Directions for this task - Starting at the first line of the entries below, restate each line exactly until you reach the line with "text De bijbehorende", and print that one too. Leave the pictures out and stop there.

Task input -
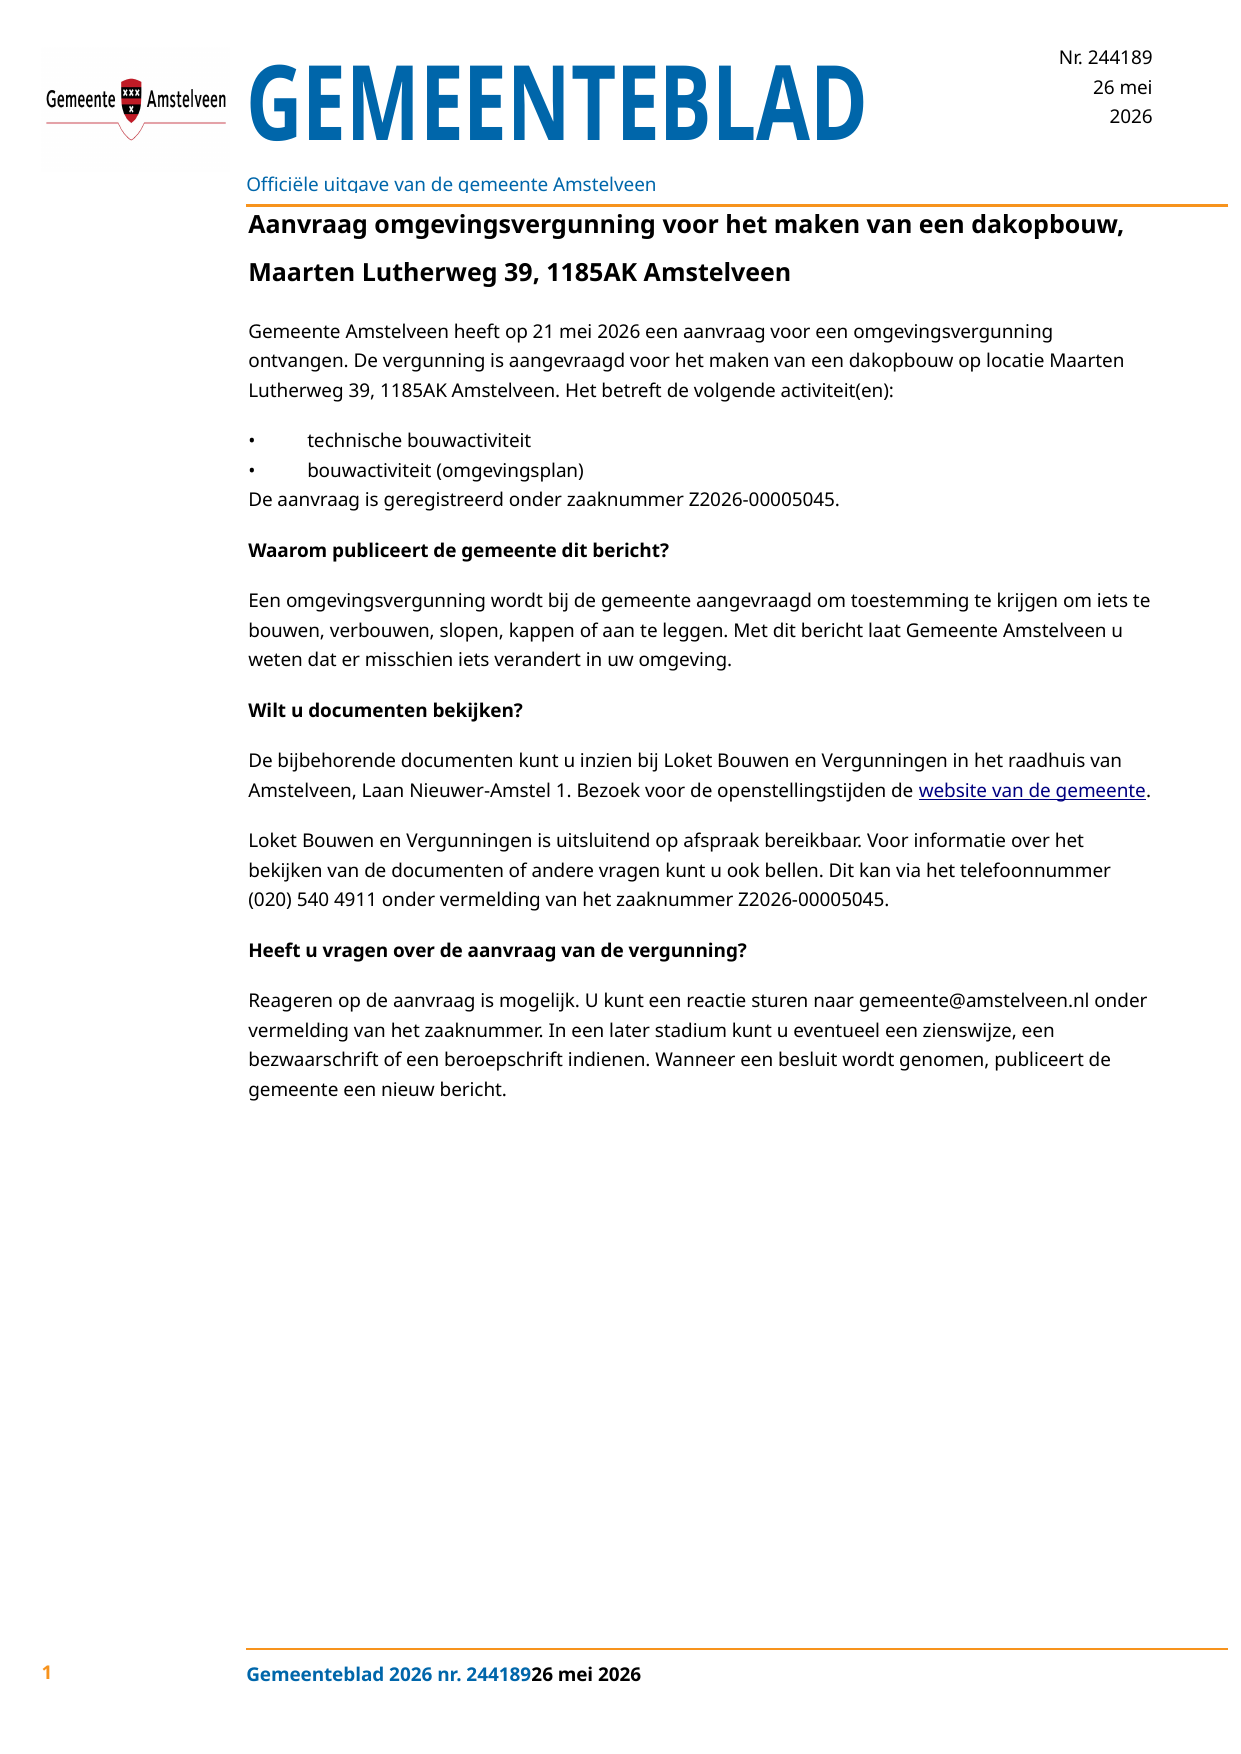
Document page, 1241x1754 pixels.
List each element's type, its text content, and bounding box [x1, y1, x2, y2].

text De aanvraag is geregistreerd onder zaaknummer Z2026-00005045. [248, 487, 1152, 512]
text Loket Bouwen en Vergunningen is uitsluitend op afspraak bereikbaar. Voor informatie over het bekijken van de documenten of andere vragen kunt u ook bellen. Dit kan via het telefoonnummer (020) 540 4911 onder vermelding van het zaaknummer Z2026-00005045. [248, 827, 1152, 912]
text Waarom publiceert de gemeente dit bericht? [248, 537, 1152, 563]
text Aanvraag omgevingsvergunning voor het maken van een dakopbouw, Maarten Lutherweg 39, 1185AK Amstelveen [248, 207, 1152, 288]
picture [41, 47, 231, 172]
text De bijbehorende documenten kunt u inzien bij Loket Bouwen en Vergunningen in het raadhuis van Amstelveen, Laan Nieuwer-Amstel 1. Bezoek voor de openstellingstijden de website van de gemeente. [248, 747, 1152, 803]
list technische bouwactiviteit [248, 427, 1152, 453]
text Gemeente Amstelveen heeft op 21 mei 2026 een aanvraag voor een omgevingsvergunning ontvangen. De vergunning is aangevraagd voor het maken van een dakopbouw op locatie Maarten Lutherweg 39, 1185AK Amstelveen. Het betreft de volgende activiteit(en): [248, 318, 1152, 403]
text Reageren op de aanvraag is mogelijk. U kunt een reactie sturen naar gemeente@amstelveen.nl onder vermelding van het zaaknummer. In een later stadium kunt u eventueel een zienswijze, een bezwaarschrift of een beroepschrift indienen. Wanneer een besluit wordt genomen, publiceert de gemeente een nieuw bericht. [248, 987, 1152, 1102]
text Een omgevingsvergunning wordt bij de gemeente aangevraagd om toestemming te krijgen om iets te bouwen, verbouwen, slopen, kappen of aan te leggen. Met dit bericht laat Gemeente Amstelveen u weten dat er misschien iets verandert in uw omgeving. [248, 587, 1152, 672]
text Wilt u documenten bekijken? [248, 697, 1152, 723]
list bouwactiviteit (omgevingsplan) [248, 457, 1152, 483]
text Heeft u vragen over de aanvraag van de vergunning? [248, 937, 1152, 963]
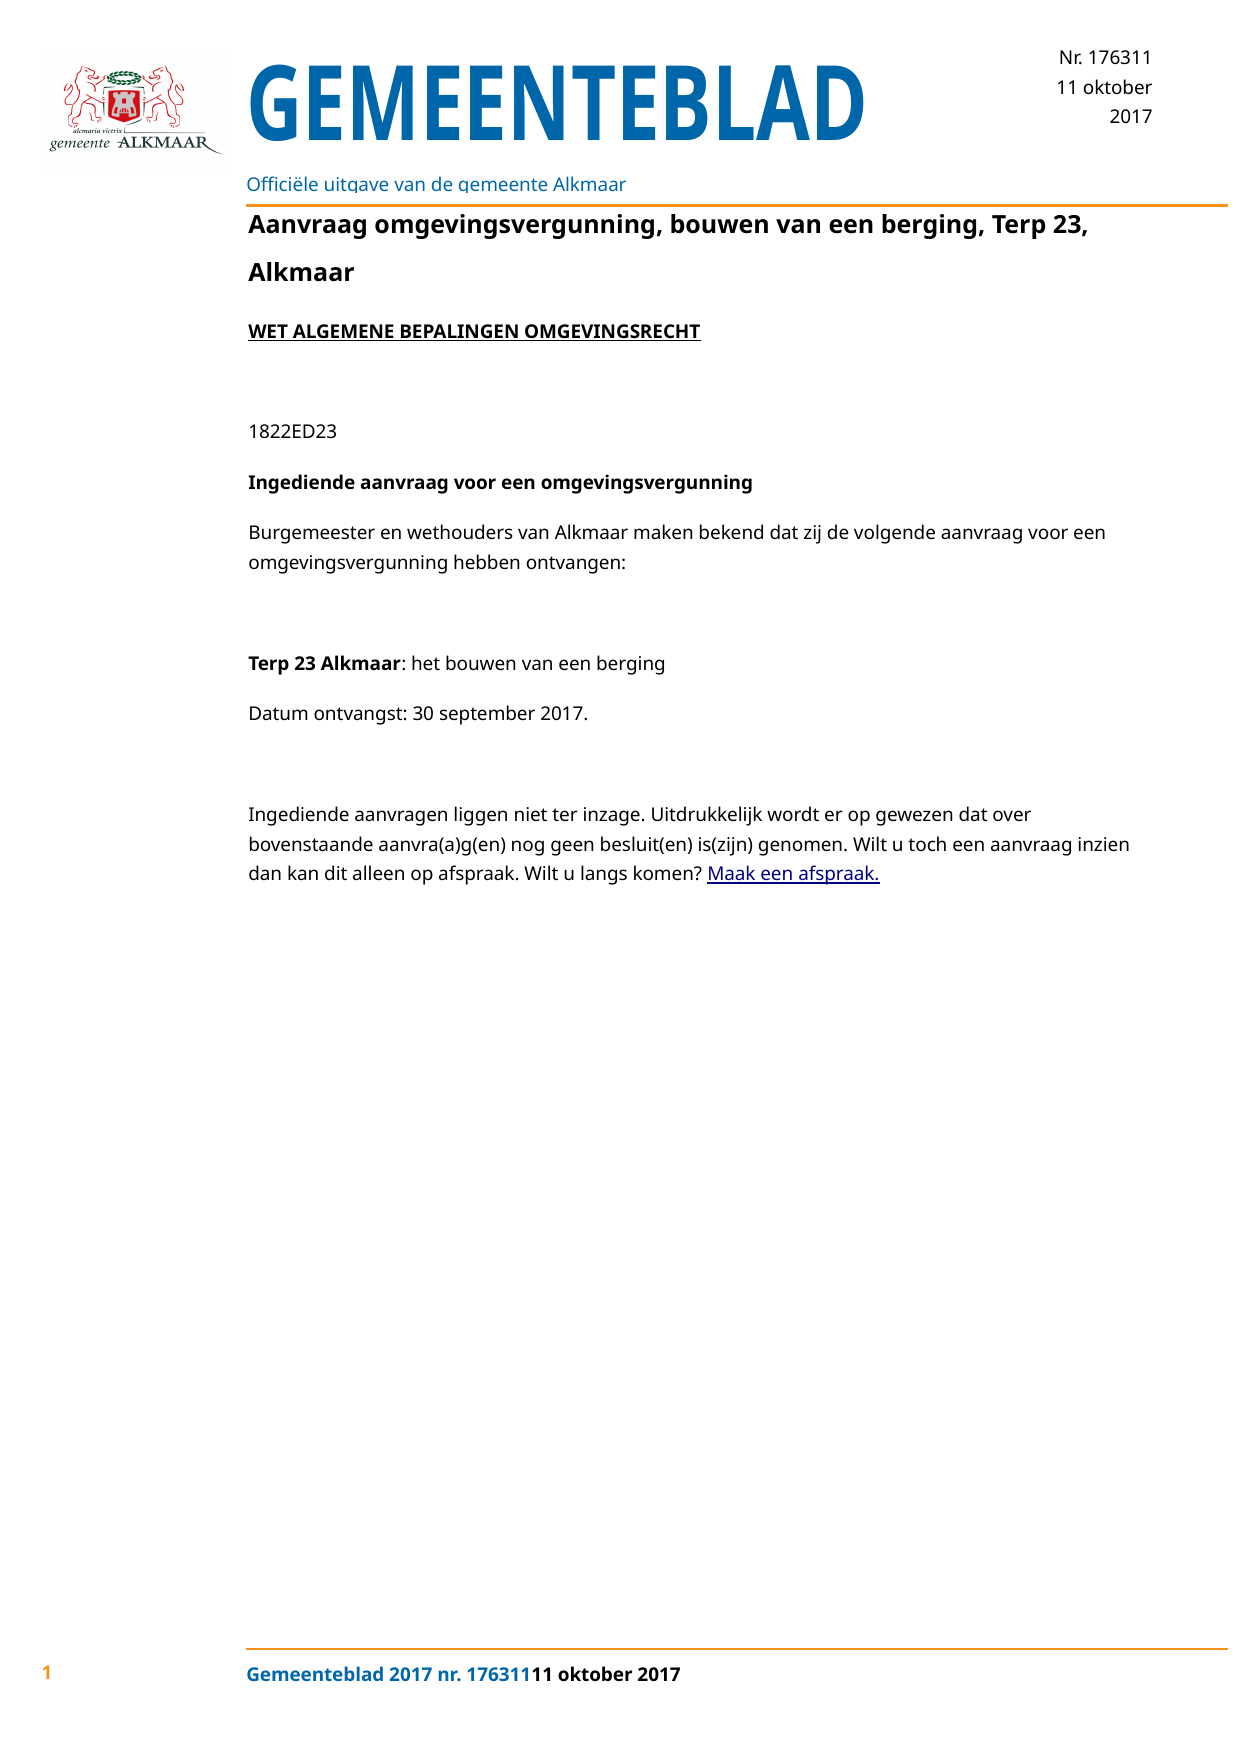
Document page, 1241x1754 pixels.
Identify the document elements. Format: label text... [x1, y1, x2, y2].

picture [41, 47, 231, 172]
text WET ALGEMENE BEPALINGEN OMGEVINGSRECHT [248, 318, 1152, 344]
text Terp 23 Alkmaar: het bouwen van een berging [248, 650, 1152, 676]
text Ingediende aanvraag voor een omgevingsvergunning [248, 469, 1152, 495]
text Ingediende aanvragen liggen niet ter inzage. Uitdrukkelijk wordt er op gewezen dat over bovenstaande aanvra(a)g(en) nog geen besluit(en) is(zijn) genomen. Wilt u toch een aanvraag inzien dan kan dit alleen op afspraak. Wilt u langs komen? Maak een afspraak. [248, 801, 1152, 886]
text Datum ontvangst: 30 september 2017. [248, 700, 1152, 726]
text Aanvraag omgevingsvergunning, bouwen van een berging, Terp 23, Alkmaar [248, 207, 1152, 288]
text 1822ED23 [248, 419, 1152, 444]
text Burgemeester en wethouders van Alkmaar maken bekend dat zij de volgende aanvraag voor een omgevingsvergunning hebben ontvangen: [248, 519, 1152, 575]

Written answer -
Document page, 1241x1754 pixels.
List each element's type, its text content, and bounding box [x1, y1, x2, y2].

text De aanvraag is geregistreerd onder zaaknummer Z2026-00005045. [248, 487, 1152, 512]
text Loket Bouwen en Vergunningen is uitsluitend op afspraak bereikbaar. Voor informatie over het bekijken van de documenten of andere vragen kunt u ook bellen. Dit kan via het telefoonnummer (020) 540 4911 onder vermelding van het zaaknummer Z2026-00005045. [248, 827, 1152, 912]
text Waarom publiceert de gemeente dit bericht? [248, 537, 1152, 563]
text Aanvraag omgevingsvergunning voor het maken van een dakopbouw, Maarten Lutherweg 39, 1185AK Amstelveen [248, 207, 1152, 288]
picture [41, 47, 231, 172]
text De bijbehorende documenten kunt u inzien bij Loket Bouwen en Vergunningen in het raadhuis van Amstelveen, Laan Nieuwer-Amstel 1. Bezoek voor de openstellingstijden de website van de gemeente. [248, 747, 1152, 803]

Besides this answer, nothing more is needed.